Exercise prompt: Given the records below, pull every line with the word "oral" into the answer.

── Task data ──

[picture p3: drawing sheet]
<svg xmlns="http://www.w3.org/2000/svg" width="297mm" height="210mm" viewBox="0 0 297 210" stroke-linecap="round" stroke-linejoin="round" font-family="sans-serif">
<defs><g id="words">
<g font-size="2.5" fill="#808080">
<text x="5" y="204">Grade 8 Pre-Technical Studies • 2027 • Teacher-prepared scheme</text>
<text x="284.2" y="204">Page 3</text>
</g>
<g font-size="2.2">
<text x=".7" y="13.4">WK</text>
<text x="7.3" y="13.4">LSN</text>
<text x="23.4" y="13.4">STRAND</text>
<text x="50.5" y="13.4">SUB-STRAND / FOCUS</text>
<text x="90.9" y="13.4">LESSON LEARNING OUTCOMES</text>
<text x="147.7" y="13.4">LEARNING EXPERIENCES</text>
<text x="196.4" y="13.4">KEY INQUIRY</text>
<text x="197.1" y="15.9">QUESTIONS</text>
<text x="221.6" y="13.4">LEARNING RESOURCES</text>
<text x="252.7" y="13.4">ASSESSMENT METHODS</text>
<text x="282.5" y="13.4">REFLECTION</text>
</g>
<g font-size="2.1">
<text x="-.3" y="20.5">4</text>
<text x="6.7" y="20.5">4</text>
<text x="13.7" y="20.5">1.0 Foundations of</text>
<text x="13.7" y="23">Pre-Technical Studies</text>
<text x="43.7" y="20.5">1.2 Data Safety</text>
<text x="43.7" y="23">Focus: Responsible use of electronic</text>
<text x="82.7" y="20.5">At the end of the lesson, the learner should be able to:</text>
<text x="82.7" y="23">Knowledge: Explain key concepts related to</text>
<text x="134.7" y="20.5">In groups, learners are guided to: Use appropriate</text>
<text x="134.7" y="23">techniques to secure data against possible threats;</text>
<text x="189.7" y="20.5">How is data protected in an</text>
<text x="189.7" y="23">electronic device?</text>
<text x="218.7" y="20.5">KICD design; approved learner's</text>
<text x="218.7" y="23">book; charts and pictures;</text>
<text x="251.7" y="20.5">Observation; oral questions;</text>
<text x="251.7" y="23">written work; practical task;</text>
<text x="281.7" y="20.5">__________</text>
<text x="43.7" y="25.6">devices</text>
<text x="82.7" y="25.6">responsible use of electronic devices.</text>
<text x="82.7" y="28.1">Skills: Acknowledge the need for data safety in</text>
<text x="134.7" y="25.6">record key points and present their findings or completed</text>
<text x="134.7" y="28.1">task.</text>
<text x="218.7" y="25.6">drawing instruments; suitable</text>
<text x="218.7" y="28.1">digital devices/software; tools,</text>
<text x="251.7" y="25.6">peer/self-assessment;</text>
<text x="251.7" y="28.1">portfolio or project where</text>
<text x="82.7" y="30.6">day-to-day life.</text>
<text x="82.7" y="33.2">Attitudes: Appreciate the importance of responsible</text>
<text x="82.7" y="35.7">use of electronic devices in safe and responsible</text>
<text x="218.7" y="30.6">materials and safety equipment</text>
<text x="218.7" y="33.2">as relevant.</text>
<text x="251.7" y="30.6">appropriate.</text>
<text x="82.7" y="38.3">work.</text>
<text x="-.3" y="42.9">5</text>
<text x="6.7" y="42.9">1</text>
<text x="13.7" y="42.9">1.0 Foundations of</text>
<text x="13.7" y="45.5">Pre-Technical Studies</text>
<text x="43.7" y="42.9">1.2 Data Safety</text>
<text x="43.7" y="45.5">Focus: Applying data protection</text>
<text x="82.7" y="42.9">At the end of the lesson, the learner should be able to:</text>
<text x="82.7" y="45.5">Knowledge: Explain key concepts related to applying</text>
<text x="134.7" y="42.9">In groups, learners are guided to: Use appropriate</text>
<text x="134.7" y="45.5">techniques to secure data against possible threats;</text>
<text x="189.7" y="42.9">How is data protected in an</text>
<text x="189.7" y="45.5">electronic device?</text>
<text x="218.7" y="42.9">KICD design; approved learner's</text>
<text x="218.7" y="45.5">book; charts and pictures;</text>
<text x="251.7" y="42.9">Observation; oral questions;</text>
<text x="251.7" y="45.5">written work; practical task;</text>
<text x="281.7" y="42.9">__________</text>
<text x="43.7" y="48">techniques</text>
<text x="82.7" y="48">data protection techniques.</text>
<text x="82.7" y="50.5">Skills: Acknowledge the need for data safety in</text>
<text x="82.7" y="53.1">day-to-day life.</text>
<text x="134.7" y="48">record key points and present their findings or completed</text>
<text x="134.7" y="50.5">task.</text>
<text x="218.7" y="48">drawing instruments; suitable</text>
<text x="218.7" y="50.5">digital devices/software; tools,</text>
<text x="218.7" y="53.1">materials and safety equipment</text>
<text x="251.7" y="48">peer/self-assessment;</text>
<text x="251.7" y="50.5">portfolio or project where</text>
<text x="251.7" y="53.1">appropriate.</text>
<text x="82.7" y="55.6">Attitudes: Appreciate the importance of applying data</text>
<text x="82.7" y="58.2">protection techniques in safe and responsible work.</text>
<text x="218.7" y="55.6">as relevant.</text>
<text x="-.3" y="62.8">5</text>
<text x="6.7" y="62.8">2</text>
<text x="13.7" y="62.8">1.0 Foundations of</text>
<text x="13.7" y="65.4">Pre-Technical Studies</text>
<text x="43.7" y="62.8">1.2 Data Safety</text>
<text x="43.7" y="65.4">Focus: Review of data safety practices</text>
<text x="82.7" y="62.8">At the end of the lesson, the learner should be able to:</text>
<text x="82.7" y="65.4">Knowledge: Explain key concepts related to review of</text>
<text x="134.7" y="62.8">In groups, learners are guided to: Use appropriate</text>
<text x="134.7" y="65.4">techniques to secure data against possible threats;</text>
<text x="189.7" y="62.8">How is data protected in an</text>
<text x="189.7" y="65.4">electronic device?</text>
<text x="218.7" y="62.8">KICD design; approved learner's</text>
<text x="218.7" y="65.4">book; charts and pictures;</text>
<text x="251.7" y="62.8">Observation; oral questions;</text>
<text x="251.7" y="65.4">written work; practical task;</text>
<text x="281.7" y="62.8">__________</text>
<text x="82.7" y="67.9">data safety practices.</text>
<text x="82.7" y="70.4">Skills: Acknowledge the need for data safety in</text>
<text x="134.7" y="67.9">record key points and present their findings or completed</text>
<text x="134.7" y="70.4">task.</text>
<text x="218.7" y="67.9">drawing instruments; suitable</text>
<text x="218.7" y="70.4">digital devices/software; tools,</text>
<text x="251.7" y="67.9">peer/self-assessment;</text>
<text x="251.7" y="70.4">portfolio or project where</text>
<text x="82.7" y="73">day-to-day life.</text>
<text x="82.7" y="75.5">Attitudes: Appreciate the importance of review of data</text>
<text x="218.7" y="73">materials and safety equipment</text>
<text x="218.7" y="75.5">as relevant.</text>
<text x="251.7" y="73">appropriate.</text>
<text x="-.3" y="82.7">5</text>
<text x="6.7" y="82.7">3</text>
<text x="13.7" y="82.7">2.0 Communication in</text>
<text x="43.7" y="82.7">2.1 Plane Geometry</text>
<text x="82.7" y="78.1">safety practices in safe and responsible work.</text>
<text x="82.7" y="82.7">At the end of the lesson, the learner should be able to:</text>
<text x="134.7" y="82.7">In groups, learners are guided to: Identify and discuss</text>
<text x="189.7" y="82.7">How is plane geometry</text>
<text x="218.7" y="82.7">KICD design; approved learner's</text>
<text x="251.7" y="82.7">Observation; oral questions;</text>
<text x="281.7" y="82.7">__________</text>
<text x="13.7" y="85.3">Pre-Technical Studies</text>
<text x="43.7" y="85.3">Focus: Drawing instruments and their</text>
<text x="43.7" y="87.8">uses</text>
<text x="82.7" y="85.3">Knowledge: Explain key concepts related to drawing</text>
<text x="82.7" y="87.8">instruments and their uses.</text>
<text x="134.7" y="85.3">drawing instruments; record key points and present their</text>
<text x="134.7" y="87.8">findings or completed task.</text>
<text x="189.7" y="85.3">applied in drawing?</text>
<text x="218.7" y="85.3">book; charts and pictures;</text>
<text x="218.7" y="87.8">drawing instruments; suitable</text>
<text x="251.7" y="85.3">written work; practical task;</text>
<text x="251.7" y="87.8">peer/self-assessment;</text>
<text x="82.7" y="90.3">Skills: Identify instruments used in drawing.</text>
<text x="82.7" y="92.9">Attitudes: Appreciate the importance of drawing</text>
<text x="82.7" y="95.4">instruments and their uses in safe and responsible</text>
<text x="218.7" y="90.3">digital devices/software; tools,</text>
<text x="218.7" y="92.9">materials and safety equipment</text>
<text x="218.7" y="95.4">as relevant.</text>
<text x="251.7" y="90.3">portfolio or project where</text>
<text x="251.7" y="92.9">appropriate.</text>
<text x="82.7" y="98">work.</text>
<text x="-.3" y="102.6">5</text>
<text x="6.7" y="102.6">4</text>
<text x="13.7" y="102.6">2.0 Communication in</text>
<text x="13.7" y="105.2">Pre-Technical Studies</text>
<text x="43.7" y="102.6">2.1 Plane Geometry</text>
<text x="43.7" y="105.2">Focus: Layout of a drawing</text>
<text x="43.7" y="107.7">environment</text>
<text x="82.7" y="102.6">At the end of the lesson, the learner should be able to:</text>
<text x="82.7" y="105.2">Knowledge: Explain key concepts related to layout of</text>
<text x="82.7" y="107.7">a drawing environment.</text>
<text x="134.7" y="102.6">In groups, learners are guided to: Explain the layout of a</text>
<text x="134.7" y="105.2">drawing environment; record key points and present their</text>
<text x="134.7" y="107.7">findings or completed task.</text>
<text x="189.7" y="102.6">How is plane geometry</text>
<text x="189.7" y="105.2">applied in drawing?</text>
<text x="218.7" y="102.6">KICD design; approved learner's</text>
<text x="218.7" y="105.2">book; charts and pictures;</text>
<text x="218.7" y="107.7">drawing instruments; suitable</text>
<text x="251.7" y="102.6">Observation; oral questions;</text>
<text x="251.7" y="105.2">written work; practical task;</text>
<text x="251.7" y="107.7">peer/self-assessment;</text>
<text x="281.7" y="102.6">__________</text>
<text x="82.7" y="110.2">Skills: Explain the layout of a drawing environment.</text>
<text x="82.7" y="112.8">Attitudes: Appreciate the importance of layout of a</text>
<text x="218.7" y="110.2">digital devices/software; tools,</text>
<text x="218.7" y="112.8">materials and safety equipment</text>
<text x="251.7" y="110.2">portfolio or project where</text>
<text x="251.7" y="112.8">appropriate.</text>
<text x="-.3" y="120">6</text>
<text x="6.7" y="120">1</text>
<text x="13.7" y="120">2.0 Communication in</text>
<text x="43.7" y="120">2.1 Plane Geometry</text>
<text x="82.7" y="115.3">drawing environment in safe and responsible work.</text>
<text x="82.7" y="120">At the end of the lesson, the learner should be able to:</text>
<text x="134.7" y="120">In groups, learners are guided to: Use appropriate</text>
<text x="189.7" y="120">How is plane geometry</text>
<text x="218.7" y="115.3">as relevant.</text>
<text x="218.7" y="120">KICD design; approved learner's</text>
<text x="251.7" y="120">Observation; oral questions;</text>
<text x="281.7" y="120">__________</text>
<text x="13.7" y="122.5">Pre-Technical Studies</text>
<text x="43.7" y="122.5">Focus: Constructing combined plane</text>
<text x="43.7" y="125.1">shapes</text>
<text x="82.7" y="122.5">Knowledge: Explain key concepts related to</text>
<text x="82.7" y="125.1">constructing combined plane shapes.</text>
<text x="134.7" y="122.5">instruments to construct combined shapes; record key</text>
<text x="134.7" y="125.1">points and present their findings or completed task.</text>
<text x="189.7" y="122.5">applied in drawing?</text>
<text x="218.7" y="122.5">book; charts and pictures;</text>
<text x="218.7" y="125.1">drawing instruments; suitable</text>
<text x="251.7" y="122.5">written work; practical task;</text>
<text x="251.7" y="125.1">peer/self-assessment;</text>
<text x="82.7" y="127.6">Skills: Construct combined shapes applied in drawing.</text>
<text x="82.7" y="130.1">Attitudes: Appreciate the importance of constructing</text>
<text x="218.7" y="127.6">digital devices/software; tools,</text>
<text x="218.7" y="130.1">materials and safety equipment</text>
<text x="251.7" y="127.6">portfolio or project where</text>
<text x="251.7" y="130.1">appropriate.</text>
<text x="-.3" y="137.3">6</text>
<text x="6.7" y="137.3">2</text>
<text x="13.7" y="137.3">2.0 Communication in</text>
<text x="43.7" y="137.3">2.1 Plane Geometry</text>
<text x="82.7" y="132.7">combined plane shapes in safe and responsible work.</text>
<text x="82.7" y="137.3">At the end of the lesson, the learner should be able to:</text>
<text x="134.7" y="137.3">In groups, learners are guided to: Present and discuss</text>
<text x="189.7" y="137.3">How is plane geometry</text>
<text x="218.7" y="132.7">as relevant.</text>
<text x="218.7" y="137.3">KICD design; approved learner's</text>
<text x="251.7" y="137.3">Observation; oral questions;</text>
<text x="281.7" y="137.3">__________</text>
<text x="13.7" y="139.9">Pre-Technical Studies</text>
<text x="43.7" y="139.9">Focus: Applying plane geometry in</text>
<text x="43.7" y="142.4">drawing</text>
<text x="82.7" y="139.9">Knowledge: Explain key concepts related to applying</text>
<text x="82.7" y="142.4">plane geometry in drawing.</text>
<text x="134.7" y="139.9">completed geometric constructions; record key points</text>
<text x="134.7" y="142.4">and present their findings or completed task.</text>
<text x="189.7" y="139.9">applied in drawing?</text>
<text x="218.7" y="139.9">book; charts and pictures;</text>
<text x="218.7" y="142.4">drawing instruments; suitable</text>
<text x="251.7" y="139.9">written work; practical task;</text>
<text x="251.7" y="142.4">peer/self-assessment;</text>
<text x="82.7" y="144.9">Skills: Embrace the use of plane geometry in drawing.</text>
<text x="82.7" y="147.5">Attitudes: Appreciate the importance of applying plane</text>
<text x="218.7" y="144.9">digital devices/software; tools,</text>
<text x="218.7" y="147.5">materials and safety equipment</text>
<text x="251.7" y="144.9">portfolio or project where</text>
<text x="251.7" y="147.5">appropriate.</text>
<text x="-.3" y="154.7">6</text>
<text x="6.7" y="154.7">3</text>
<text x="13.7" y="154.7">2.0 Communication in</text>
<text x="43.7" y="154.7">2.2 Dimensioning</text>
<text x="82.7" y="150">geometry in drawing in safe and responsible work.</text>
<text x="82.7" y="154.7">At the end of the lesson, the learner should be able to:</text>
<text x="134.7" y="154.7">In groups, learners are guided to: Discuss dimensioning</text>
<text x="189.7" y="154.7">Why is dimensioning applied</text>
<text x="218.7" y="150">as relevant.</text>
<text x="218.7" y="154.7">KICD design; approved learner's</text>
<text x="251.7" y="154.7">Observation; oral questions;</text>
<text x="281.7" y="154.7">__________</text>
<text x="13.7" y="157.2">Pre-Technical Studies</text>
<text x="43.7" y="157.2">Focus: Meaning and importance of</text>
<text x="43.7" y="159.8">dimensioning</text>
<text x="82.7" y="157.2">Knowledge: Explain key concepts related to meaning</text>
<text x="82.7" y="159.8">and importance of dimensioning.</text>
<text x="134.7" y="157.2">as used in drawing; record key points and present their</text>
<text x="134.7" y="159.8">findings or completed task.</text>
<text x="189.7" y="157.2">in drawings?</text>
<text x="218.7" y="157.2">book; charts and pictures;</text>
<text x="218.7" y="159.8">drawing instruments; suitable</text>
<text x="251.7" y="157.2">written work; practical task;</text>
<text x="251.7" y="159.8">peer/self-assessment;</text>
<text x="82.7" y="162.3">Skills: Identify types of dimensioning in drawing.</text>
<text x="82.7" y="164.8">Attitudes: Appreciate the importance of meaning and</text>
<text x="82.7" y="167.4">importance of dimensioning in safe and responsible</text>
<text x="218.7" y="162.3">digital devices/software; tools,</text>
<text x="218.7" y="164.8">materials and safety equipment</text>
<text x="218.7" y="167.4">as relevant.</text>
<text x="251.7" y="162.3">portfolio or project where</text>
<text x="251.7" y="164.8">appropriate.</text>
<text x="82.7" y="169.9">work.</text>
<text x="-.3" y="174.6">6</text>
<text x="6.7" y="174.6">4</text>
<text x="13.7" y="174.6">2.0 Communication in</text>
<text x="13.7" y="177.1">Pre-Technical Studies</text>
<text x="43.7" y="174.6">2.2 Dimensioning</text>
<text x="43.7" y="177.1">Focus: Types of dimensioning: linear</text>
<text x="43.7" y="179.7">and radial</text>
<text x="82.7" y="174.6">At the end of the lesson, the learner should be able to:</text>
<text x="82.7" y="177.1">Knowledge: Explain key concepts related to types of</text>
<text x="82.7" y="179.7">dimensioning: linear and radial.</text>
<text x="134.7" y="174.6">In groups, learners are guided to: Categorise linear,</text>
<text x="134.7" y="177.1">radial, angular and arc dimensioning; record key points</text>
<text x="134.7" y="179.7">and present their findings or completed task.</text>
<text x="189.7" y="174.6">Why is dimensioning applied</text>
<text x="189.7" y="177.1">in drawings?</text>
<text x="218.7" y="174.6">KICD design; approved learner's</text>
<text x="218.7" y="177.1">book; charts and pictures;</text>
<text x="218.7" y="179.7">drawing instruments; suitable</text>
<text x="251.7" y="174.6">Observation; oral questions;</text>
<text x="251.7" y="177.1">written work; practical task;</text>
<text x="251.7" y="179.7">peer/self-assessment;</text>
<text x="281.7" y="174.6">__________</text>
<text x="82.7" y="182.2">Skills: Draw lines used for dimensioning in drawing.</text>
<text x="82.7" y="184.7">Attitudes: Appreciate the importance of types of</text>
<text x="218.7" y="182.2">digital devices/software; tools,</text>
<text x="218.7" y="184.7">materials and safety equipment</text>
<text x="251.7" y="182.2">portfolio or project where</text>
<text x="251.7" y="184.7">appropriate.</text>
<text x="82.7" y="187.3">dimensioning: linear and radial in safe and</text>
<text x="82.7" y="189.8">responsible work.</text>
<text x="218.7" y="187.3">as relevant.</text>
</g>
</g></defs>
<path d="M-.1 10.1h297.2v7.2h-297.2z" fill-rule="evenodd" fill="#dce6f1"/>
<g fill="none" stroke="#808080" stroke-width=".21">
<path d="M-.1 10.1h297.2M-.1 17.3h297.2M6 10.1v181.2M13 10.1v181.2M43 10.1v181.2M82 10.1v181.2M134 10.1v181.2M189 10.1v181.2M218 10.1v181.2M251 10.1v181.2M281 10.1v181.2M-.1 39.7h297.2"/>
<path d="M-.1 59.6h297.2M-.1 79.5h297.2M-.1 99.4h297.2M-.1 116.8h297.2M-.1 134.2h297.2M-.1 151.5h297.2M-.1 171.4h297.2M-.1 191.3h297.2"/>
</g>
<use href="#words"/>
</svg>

───

Exercise output:
<text x="251.7" y="20.5">Observation; oral questions;</text>
<text x="251.7" y="42.9">Observation; oral questions;</text>
<text x="251.7" y="62.8">Observation; oral questions;</text>
<text x="251.7" y="82.7">Observation; oral questions;</text>
<text x="251.7" y="102.6">Observation; oral questions;</text>
<text x="251.7" y="120">Observation; oral questions;</text>
<text x="251.7" y="137.3">Observation; oral questions;</text>
<text x="251.7" y="154.7">Observation; oral questions;</text>
<text x="251.7" y="174.6">Observation; oral questions;</text>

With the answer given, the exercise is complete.